REQUIREMENT
Every line in the records below that holds the word "semverCompare" is to be copied.

EXERCISE INPUT
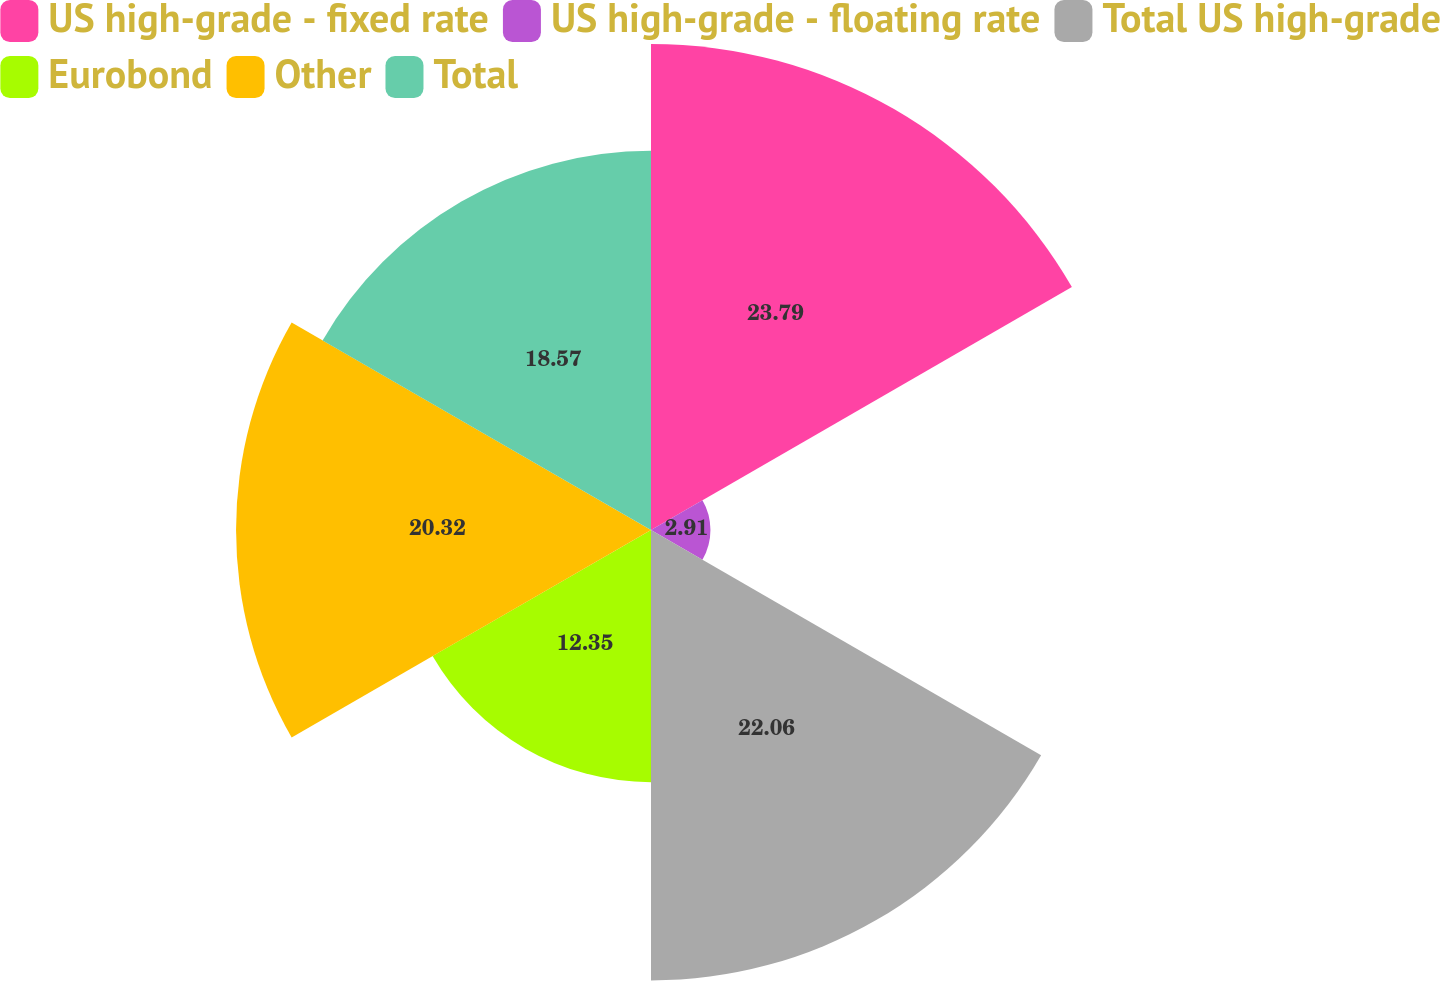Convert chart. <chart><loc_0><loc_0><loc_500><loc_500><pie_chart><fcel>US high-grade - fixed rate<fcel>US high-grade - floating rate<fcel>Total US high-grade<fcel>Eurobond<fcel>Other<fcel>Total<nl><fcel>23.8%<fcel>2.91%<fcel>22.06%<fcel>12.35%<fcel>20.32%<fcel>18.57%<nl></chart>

* * *

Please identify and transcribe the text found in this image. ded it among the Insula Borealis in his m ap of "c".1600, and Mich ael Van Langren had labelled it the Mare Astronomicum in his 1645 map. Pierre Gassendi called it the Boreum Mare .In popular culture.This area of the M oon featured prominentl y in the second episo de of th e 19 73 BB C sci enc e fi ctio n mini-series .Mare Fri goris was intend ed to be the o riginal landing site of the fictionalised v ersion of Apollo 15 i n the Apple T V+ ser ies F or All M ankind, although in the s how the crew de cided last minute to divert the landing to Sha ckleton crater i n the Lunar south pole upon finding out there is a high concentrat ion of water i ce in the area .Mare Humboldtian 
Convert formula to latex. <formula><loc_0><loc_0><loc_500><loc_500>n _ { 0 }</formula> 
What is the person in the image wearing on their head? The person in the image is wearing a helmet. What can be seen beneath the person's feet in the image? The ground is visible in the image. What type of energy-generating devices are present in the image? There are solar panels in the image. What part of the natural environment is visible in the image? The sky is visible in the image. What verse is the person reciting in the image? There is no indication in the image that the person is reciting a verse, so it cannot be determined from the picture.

...

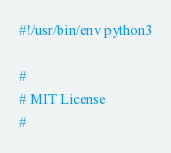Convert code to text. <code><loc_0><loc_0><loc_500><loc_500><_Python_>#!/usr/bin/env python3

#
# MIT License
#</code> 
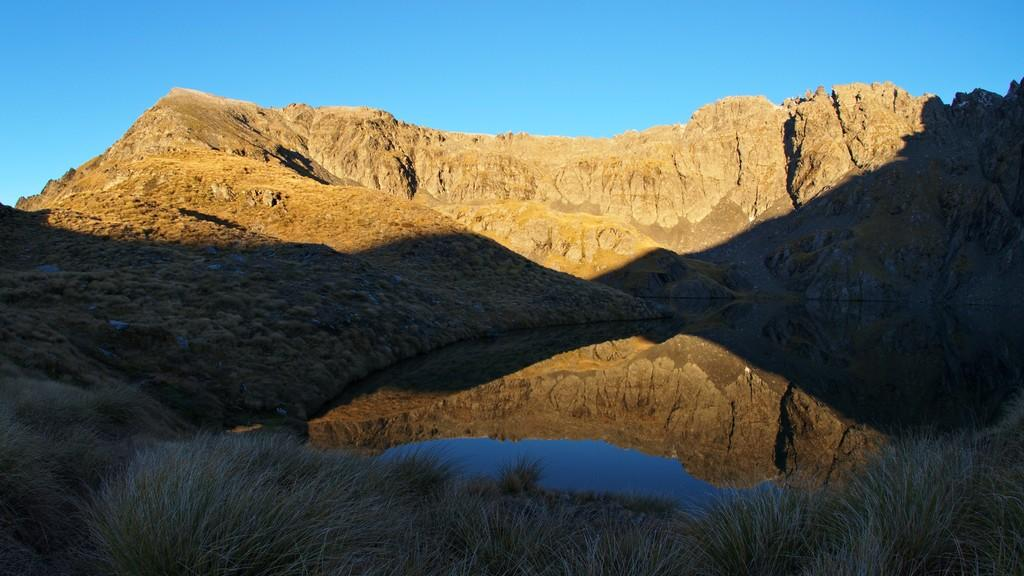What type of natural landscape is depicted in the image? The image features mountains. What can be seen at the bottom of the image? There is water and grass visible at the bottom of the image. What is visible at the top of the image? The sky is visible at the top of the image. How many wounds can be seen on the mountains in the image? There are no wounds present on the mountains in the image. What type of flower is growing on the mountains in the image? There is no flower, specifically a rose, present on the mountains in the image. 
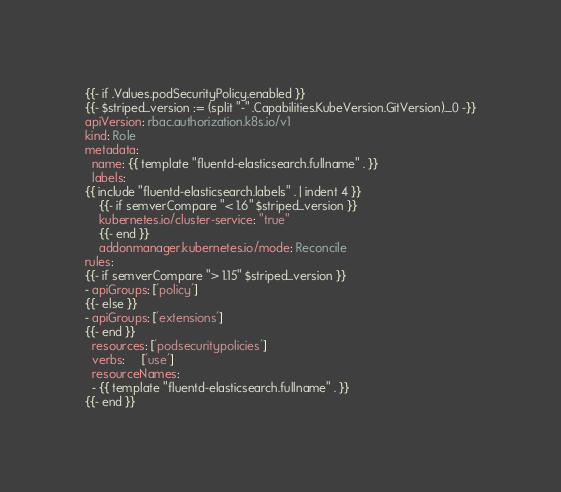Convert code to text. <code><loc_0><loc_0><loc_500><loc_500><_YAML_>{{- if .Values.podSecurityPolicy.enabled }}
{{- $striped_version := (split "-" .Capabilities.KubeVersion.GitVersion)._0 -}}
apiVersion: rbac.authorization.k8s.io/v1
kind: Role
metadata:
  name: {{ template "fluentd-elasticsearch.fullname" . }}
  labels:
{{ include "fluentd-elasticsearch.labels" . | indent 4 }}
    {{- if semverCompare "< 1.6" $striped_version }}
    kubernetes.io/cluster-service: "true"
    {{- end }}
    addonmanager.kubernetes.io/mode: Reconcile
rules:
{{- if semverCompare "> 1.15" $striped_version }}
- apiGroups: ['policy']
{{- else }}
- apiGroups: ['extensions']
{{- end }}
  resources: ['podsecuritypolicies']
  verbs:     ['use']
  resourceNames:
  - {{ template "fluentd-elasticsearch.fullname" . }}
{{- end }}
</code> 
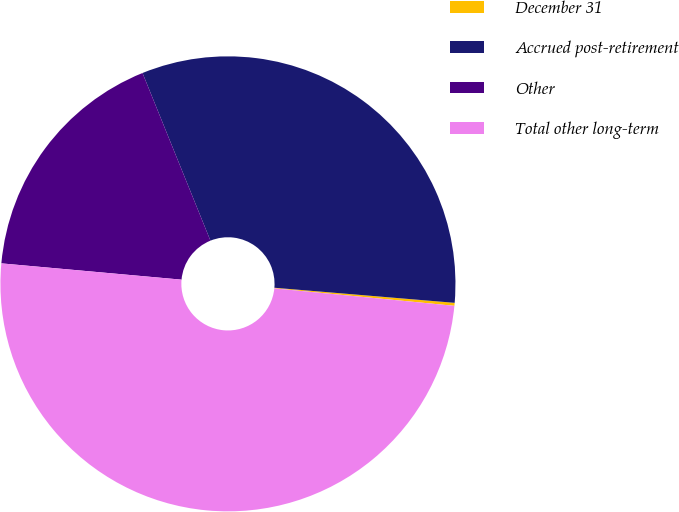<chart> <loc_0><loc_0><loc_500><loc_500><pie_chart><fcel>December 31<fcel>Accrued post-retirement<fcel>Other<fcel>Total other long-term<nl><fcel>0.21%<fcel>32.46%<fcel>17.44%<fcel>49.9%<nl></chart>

SOLUTION TO THIS TASK
    {{- if semverCompare "< 1.6" $striped_version }}
{{- if semverCompare "> 1.15" $striped_version }}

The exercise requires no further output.